Work task:
What is asked for is the whole listing, given again word for word.

Source data:

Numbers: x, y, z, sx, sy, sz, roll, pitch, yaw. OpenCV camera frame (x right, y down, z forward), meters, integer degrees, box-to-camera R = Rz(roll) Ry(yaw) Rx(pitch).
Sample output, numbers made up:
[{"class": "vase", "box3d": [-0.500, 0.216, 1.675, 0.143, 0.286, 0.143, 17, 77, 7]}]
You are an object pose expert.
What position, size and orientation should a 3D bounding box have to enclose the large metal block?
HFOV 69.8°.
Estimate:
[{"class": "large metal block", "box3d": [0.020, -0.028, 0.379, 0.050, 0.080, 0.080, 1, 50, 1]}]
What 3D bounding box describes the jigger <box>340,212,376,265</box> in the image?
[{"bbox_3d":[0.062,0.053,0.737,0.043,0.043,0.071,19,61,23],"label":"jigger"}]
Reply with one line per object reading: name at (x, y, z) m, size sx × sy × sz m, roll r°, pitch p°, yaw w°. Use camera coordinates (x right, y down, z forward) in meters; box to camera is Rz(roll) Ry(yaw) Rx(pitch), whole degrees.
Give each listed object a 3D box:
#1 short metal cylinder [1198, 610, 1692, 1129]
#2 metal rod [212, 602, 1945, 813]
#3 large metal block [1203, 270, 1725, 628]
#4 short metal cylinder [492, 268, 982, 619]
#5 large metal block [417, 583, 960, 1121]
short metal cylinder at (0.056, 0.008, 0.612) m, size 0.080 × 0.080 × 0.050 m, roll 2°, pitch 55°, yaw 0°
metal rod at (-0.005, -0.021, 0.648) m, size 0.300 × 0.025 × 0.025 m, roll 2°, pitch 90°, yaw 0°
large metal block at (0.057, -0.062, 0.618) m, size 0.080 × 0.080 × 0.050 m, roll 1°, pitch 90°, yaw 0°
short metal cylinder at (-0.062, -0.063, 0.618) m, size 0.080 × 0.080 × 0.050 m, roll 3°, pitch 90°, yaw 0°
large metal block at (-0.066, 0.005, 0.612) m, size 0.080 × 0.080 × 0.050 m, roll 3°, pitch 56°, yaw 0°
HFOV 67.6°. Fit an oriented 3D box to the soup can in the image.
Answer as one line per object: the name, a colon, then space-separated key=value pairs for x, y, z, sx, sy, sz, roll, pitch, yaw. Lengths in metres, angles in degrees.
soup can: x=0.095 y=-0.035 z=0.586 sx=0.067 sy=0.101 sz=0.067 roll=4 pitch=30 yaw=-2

Answer to this problem:
Numbers: x, y, z, sx, sy, sz, roll, pitch, yaw. OpenCV camera frame (x right, y down, z forward), meters, integer degrees, box-to-camera R = Rz(roll) Ry(yaw) Rx(pitch).
Sample output, numbers made up:
[{"class": "vase", "box3d": [-0.500, 0.216, 1.675, 0.143, 0.286, 0.143, 17, 77, 7]}]
You are an object pose expert.
What position, size and orientation should a 3D bounding box have to enclose the large metal block?
HFOV 69.8°.
Estimate:
[{"class": "large metal block", "box3d": [0.020, -0.028, 0.379, 0.050, 0.080, 0.080, 1, 50, 1]}]
What 3D bounding box describes the jigger <box>340,212,376,265</box> in the image?
[{"bbox_3d":[0.062,0.053,0.737,0.043,0.043,0.071,19,61,23],"label":"jigger"}]
Reply with one line per object reading: name at (x, y, z) m, size sx × sy × sz m, roll r°, pitch p°, yaw w°. Use camera coordinates (x right, y down, z forward) in meters; box to camera is Rz(roll) Ry(yaw) Rx(pitch), whole degrees.
Give each listed object a 3D box:
#1 short metal cylinder [1198, 610, 1692, 1129]
#2 metal rod [212, 602, 1945, 813]
#3 large metal block [1203, 270, 1725, 628]
#4 short metal cylinder [492, 268, 982, 619]
#5 large metal block [417, 583, 960, 1121]
short metal cylinder at (0.056, 0.008, 0.612) m, size 0.080 × 0.080 × 0.050 m, roll 2°, pitch 55°, yaw 0°
metal rod at (-0.005, -0.021, 0.648) m, size 0.300 × 0.025 × 0.025 m, roll 2°, pitch 90°, yaw 0°
large metal block at (0.057, -0.062, 0.618) m, size 0.080 × 0.080 × 0.050 m, roll 1°, pitch 90°, yaw 0°
short metal cylinder at (-0.062, -0.063, 0.618) m, size 0.080 × 0.080 × 0.050 m, roll 3°, pitch 90°, yaw 0°
large metal block at (-0.066, 0.005, 0.612) m, size 0.080 × 0.080 × 0.050 m, roll 3°, pitch 56°, yaw 0°
HFOV 67.6°. Fit an oriented 3D box to the soup can in the image.
Answer as one line per object: the name, a colon, then space-separated key=value pairs for x, y, z, sx, sy, sz, roll, pitch, yaw. Lengths in metres, angles in degrees.
soup can: x=0.095 y=-0.035 z=0.586 sx=0.067 sy=0.101 sz=0.067 roll=4 pitch=30 yaw=-2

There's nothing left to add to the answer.